We all experience memory problems when we age. “Memory is a way of holding on to the things you love, the things you are, the things you never want to lose.” Kevin Arnold said it very well, but memory loss is just part of aging. Do we have ways to prevent it or slow it down?
Fortunately, the answer is YES.
There are various ways to help our brain stay young and function well. Drinking green tea is one of them.
Recent research and studies that have been conducted in vitro and in mouse models showed that green tea helped prevent cognitive loss if the loss is caused by aging and aging-related dementia, which means the antioxidants in green tea have properties that can do us a great favor in preventing memory loss.
To understand this, we need to know how our memory works.
Our brain memory is like a complex storage place with "compartments," like short term and long term memories, to store information. The actual storage units are brain cells.
Once we reach our 20s, we begin to lose brain cells, a few at a time. Also, our body starts to produce less chemicals that our brain cells need to function properly. Not so good, right? The older we get, the more these brain cell changes affect our memory.

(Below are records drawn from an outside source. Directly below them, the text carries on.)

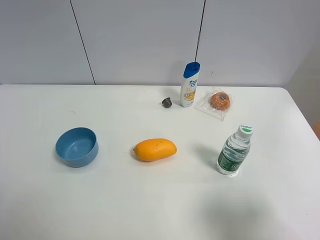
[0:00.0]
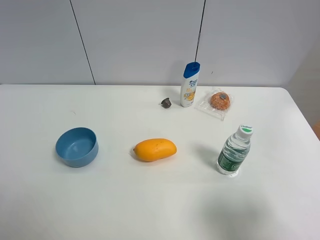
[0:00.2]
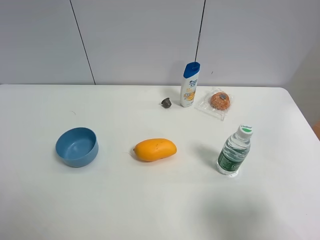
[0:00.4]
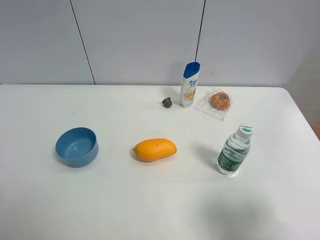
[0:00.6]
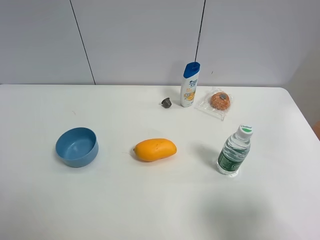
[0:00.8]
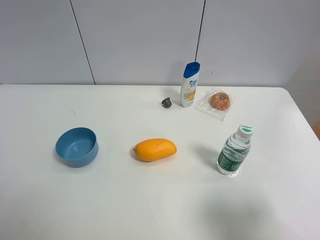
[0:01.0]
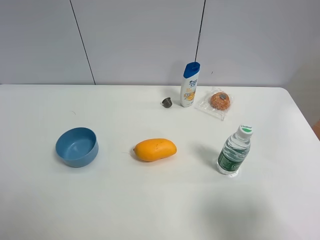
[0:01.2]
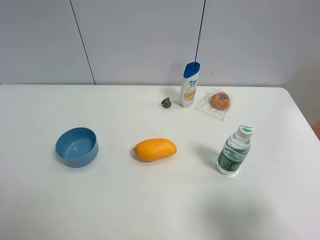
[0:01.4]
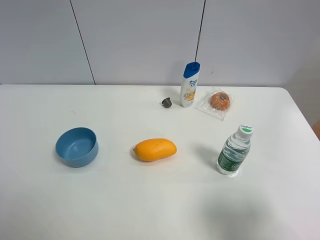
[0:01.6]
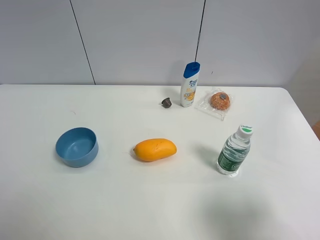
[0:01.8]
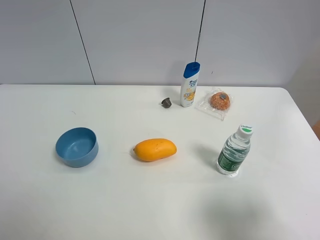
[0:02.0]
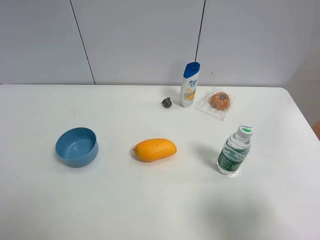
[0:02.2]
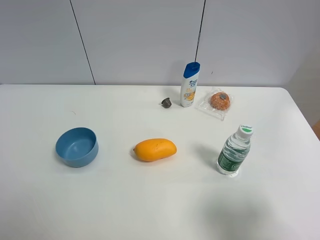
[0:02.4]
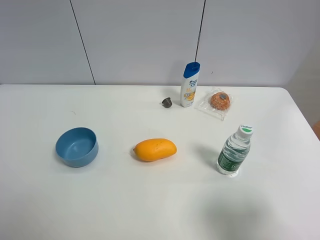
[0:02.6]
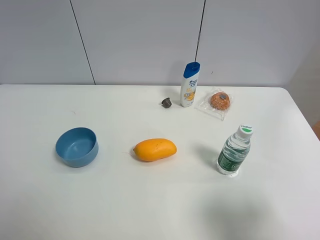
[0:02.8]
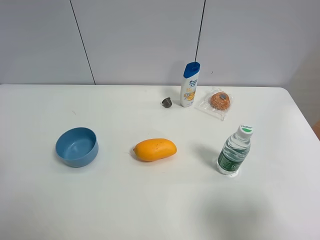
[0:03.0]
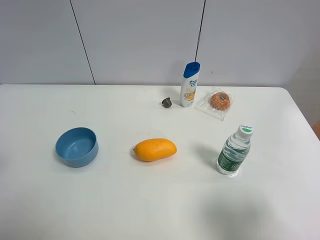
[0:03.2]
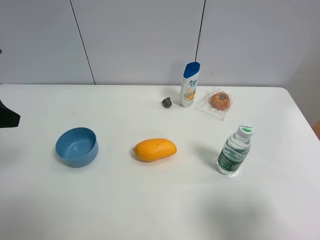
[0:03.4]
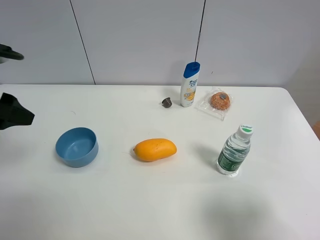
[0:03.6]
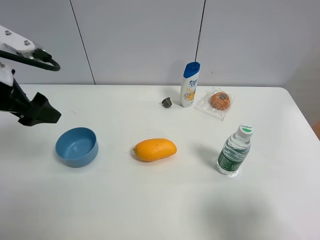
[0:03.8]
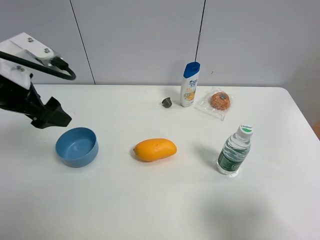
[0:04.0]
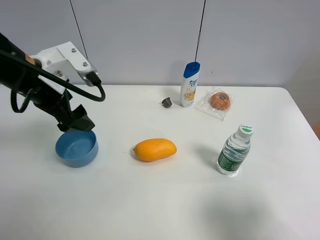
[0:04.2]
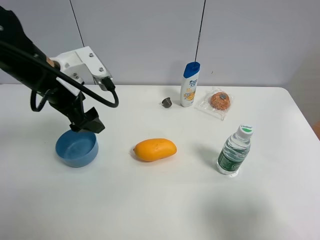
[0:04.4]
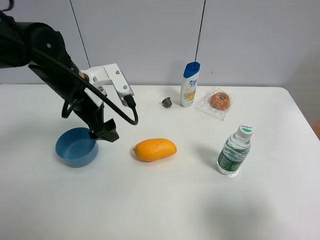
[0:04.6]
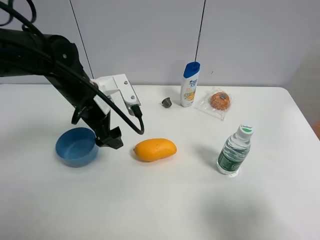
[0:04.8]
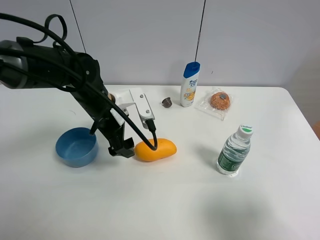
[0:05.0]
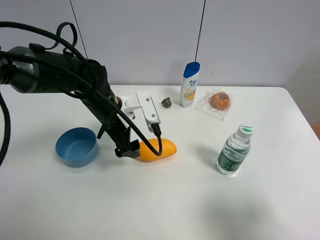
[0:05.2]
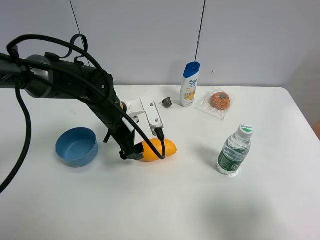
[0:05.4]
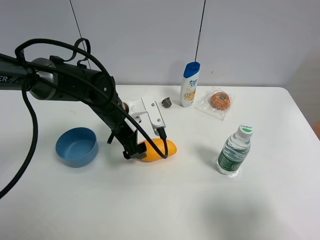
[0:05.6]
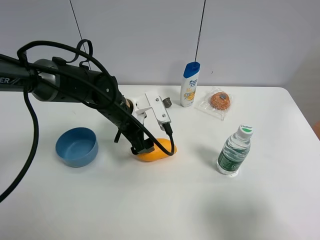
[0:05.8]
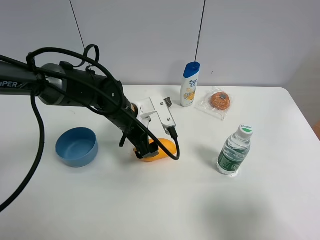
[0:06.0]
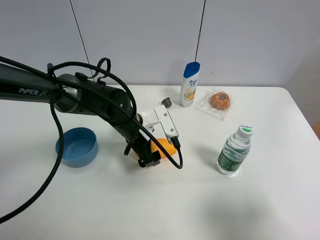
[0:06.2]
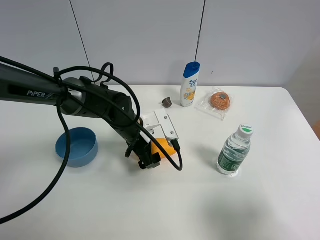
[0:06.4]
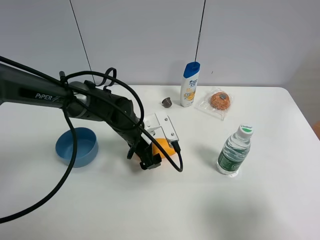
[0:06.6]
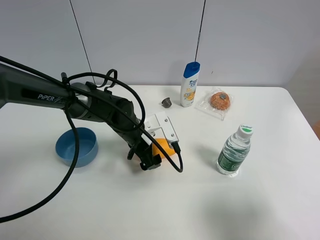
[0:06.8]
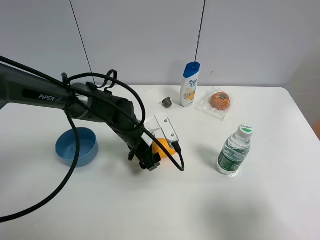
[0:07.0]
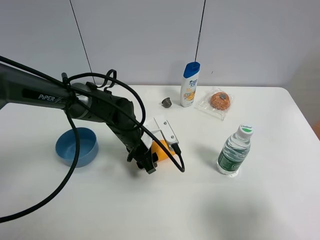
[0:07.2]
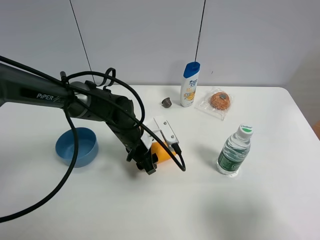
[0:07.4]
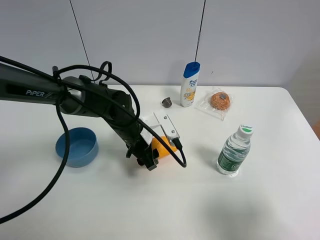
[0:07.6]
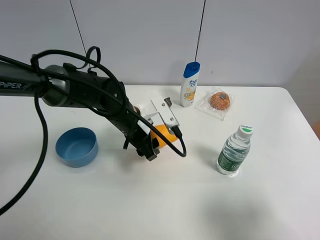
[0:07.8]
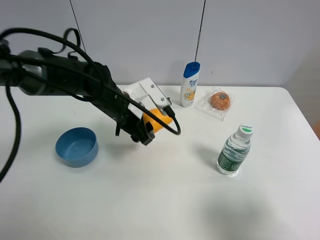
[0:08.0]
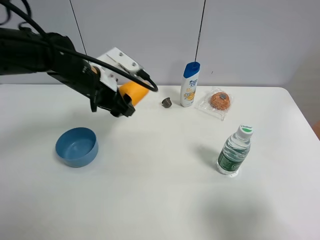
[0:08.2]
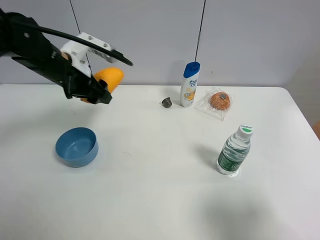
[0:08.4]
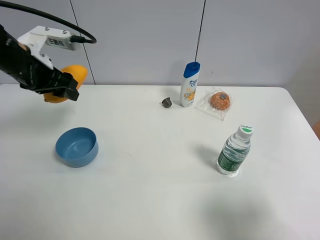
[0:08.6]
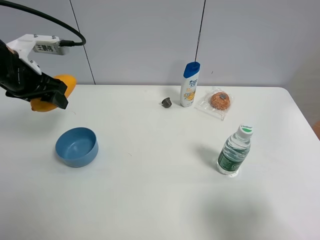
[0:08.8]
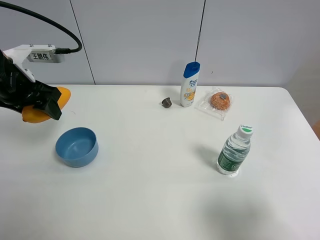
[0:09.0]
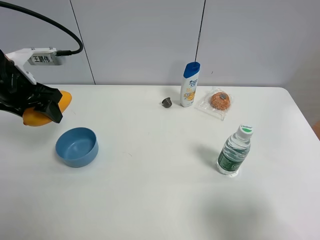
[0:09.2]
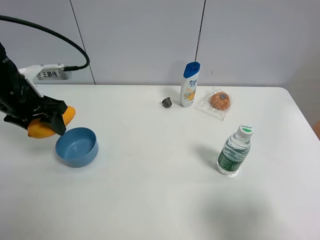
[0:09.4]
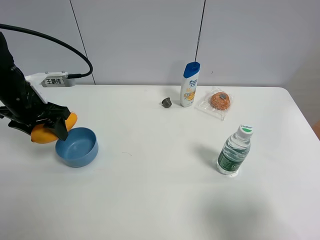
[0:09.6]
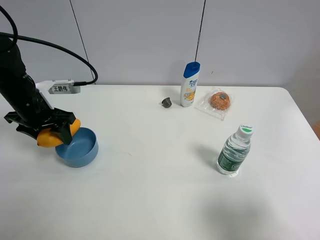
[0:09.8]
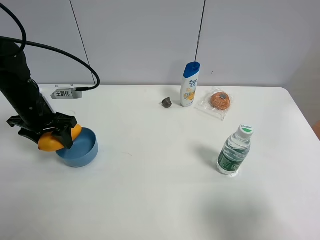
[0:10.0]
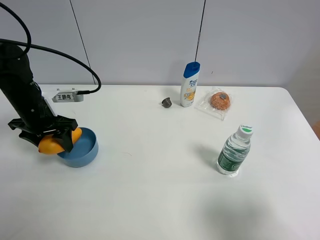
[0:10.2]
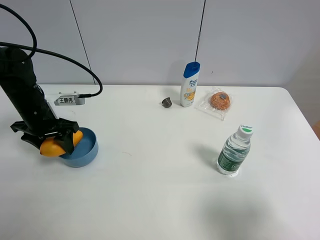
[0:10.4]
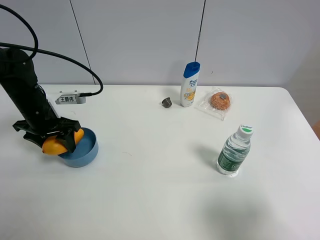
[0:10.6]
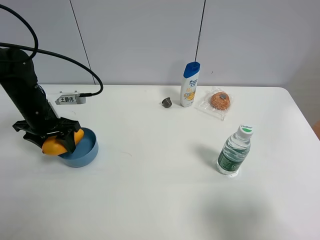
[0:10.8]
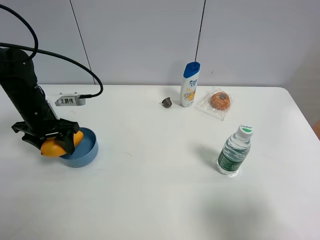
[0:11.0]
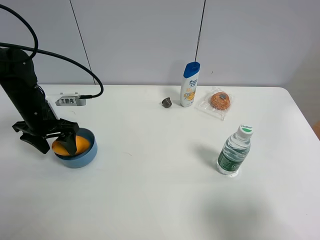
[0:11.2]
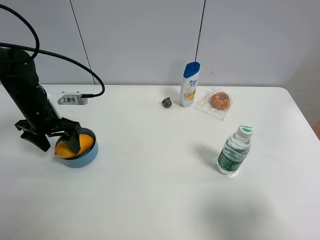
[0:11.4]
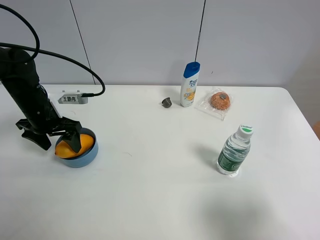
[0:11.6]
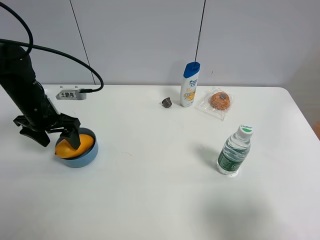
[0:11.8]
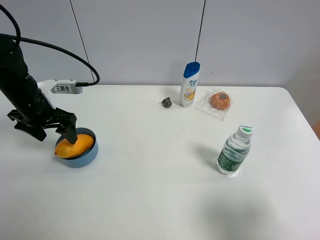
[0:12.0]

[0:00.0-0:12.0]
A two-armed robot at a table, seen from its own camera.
Task of the whole recording: the gripper move the object.
Step, 0:00.0 to 0:07.2: Grasp the mango with the left gripper.
Step, 0:07.4 to 0:11.6: Place the mango into the blue bowl with the left gripper.
0:00.0 to 0:01.6: Both grippers stay about where they are.
0:03.0 to 0:04.4: The left gripper shifts some 25 cm forward and to the right.
0:04.4 to 0:06.0: The left gripper travels downward and to the right by roughly 15 cm.
0:06.0 to 0:07.6: The left gripper closes.
0:07.6 to 0:09.0: The left gripper moves to the left and upward, about 25 cm.
0:09.0 to 0:10.4: The left gripper is displaced downward by some 10 cm.
0:10.4 to 0:12.0: The left gripper opens its fingers.

Its effect is obvious; we find our memory isn't as good as before, and we don't need to take a memory test to know that we have memory problems.
The memories that are affected most aren't the remote or short term ones, like childhood memories or what just happened, but the recent things, such as where you put your keys last night and the names of the couple you met yesterday.
Let's keep in mind that the age of our body doesn't necessarily mean the age of our years. Our body can be younger or older than we really are.
At age 40, we might have a body of 30 or 50. This will shed a light for our understanding of the signs of dementia, too.
There's something called free radicals that are generated when our body uses oxygen during the metabolic processes. Free radicals won't set us free, and they don't want to stay free either.
They are molecules that have unpaired electrons. The second a free radical is born, it tries to loose its freedom by bonding with other molecules, thus causing the bond in the second molecule to break in order to create an electron pair with it.
This is series of events that happen inside our body when we are busy with our life. It is a chain reaction that can eventually lead to cell damage, which in turn makes us a little bit older. Just a very tiny, tiny bit older.
A tiny bit plus a tiny bit, we're getting older and older, unnoticed, until one day when we look back, we aren't the person that we once were: young, energetic and with great memory.
Well, let's not go there; come back to the topic. What is that? Oh, anti aging green tea.
Though we are being "oxidized" and becoming old, we do have natural defenses against these freedom-hater free radicals. The antioxidants in our body can fight them for us.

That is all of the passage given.